[EXCERPTED RECORDS]

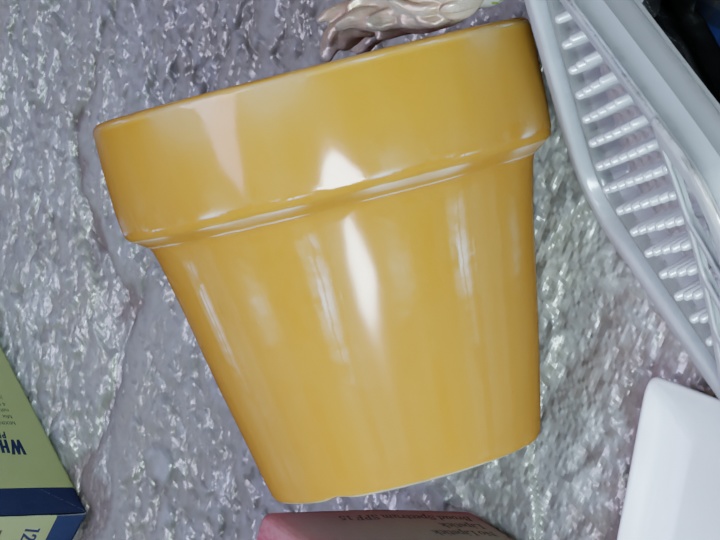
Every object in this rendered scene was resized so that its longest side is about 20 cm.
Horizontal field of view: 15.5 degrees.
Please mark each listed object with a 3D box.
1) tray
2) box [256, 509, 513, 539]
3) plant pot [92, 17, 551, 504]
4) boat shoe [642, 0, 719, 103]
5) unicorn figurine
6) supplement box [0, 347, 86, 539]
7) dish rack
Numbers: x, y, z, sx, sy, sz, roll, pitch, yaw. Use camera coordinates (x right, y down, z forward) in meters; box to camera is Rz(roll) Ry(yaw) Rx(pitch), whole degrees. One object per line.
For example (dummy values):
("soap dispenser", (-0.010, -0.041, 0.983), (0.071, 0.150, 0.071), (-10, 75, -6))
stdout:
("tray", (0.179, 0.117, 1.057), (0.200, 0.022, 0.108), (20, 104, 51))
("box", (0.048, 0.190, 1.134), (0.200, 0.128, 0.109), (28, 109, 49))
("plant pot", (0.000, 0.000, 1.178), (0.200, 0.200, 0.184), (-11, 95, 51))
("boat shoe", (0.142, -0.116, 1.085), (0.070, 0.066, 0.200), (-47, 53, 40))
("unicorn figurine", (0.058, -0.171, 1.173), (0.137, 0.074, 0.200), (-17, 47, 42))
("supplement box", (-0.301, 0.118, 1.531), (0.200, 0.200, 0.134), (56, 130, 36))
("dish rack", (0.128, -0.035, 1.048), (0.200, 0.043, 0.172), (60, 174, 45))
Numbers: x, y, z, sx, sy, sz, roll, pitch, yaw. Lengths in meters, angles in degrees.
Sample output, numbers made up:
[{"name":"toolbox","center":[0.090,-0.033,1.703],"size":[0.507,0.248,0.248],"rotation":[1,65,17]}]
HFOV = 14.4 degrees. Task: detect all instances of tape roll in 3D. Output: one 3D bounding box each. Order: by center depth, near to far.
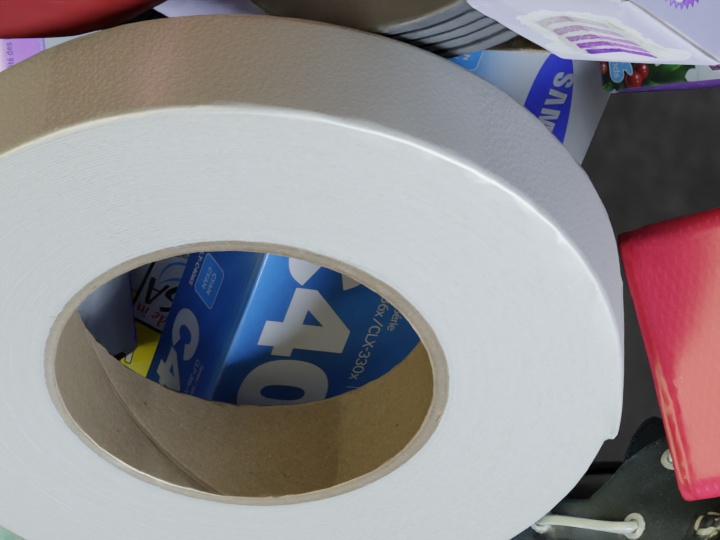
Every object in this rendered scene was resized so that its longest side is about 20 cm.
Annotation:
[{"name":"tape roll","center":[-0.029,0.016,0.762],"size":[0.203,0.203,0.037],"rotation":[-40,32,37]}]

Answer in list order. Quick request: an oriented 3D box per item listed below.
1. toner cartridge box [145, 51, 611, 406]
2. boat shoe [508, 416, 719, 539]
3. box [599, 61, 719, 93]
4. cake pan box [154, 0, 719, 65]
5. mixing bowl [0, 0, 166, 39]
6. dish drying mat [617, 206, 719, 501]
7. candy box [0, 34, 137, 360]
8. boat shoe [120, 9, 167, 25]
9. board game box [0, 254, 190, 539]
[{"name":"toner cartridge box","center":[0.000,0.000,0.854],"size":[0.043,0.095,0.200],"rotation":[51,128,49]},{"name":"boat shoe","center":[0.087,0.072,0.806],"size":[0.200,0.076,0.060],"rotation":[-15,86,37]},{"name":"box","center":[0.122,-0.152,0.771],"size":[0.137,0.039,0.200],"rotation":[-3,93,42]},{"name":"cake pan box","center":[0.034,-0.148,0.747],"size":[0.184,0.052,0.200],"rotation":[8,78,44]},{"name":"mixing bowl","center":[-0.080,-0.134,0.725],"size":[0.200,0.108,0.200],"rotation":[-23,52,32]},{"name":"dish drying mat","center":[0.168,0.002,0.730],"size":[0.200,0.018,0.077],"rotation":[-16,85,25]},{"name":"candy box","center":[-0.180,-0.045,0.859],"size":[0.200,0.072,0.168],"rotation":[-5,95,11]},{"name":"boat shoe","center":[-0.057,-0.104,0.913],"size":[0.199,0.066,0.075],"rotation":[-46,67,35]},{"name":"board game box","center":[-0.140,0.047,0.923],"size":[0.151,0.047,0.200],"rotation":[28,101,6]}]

[/EXCERPTED RECORDS]
[EXCERPTED RECORDS]

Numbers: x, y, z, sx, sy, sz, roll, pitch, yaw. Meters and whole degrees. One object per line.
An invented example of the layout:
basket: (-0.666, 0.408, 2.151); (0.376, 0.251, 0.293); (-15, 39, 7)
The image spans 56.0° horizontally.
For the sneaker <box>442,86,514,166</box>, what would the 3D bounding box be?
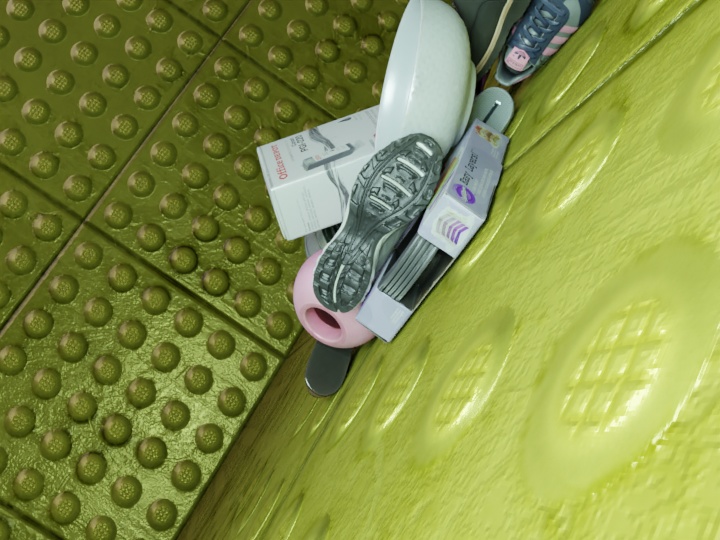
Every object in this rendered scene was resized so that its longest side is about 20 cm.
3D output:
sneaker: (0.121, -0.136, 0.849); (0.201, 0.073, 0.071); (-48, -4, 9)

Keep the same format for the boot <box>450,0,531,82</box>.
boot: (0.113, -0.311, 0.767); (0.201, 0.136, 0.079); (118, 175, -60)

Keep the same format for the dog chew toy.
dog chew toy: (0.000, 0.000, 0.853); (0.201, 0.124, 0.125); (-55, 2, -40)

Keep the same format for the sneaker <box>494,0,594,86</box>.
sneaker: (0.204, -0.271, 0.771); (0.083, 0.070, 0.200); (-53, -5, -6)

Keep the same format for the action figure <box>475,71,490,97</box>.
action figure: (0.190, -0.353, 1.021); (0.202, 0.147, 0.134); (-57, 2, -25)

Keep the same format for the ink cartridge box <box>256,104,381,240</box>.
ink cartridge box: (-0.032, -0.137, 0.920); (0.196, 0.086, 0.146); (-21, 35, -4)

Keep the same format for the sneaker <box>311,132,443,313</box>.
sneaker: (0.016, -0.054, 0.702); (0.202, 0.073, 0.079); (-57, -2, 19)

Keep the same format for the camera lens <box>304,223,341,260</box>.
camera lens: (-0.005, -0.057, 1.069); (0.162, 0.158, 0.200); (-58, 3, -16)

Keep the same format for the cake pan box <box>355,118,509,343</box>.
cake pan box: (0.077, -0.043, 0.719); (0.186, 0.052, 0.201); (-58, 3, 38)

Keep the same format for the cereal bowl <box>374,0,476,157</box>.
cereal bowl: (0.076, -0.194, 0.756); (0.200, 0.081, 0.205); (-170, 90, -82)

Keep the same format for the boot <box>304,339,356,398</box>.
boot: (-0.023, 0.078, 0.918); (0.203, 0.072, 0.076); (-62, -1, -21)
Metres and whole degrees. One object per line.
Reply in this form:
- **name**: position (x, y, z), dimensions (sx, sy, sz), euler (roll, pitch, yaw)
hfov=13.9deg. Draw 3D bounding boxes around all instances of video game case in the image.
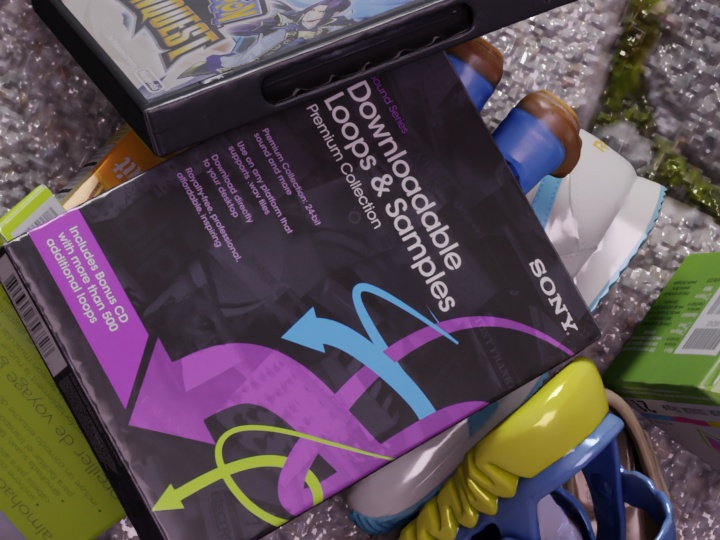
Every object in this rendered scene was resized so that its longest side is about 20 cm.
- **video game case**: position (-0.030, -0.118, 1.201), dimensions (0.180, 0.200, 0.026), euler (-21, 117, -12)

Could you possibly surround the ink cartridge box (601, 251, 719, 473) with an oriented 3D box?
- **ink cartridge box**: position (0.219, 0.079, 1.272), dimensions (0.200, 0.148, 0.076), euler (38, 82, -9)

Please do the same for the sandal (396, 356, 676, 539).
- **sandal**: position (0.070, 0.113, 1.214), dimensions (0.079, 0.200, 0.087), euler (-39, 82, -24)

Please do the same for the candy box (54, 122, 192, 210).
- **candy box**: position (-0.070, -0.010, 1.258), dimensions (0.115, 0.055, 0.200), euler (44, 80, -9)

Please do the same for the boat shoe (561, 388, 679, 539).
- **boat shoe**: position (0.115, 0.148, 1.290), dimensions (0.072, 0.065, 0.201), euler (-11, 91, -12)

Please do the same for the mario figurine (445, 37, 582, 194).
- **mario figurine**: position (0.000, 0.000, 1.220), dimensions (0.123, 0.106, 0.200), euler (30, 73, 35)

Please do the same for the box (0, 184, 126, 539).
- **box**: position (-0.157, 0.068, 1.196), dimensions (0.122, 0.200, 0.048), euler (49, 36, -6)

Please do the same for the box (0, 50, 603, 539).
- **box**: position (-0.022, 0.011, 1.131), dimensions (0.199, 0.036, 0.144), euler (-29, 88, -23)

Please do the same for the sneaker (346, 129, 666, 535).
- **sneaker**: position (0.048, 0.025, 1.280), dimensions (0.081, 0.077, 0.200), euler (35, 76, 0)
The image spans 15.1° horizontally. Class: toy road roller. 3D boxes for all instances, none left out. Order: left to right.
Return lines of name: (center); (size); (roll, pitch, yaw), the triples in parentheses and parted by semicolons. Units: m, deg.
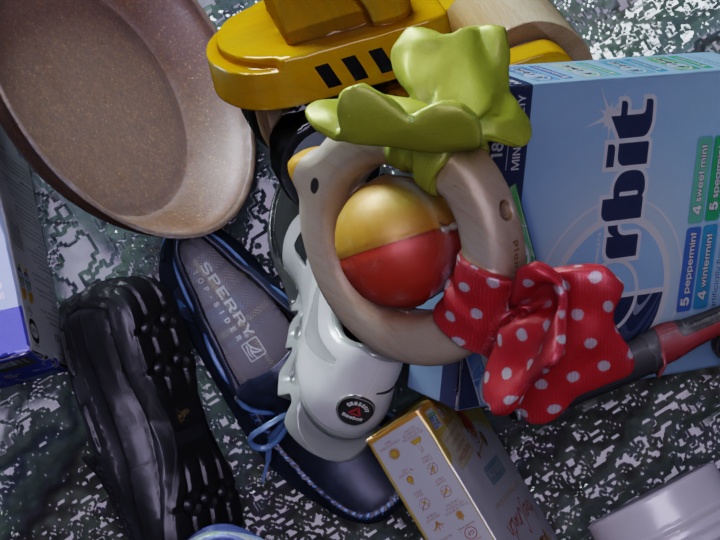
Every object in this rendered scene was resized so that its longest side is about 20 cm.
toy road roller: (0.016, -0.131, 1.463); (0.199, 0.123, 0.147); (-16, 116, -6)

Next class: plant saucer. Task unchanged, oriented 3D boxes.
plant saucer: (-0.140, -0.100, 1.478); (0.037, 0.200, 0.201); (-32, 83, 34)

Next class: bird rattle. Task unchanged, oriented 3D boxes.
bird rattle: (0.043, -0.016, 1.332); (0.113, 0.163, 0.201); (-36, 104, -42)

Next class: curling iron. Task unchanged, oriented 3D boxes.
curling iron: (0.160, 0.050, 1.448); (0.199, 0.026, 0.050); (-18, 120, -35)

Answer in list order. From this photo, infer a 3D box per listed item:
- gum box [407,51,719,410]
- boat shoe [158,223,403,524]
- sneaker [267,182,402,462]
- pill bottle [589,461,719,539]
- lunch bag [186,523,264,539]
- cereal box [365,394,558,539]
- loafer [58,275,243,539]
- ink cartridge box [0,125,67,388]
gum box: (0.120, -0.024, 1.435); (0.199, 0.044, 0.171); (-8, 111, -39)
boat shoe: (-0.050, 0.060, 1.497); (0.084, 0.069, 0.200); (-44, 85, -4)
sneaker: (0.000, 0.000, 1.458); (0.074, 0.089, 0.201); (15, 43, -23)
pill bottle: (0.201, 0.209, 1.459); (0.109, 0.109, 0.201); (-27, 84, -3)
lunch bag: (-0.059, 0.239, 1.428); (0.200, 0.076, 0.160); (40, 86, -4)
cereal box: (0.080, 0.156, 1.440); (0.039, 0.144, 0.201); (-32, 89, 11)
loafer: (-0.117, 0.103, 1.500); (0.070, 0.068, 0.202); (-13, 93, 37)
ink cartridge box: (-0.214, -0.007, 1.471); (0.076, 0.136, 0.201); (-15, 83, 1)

[/EXCERPTED RECORDS]

• **WHAT THE EXERCISE ASKS**: Among the records above, a stretch begins at the line containing "Keep the same format for the cereal" and ends at the line containing "Metres and whole". Restate that stretch word for word, and nothing else.

• **RESPONSE AREA**:
Keep the same format for the cereal bowl <box>374,0,476,157</box>.
cereal bowl: (0.076, -0.194, 0.756); (0.200, 0.081, 0.205); (-170, 90, -82)

Keep the same format for the boot <box>304,339,356,398</box>.
boot: (-0.023, 0.078, 0.918); (0.203, 0.072, 0.076); (-62, -1, -21)
Metres and whole degrees. One object per line.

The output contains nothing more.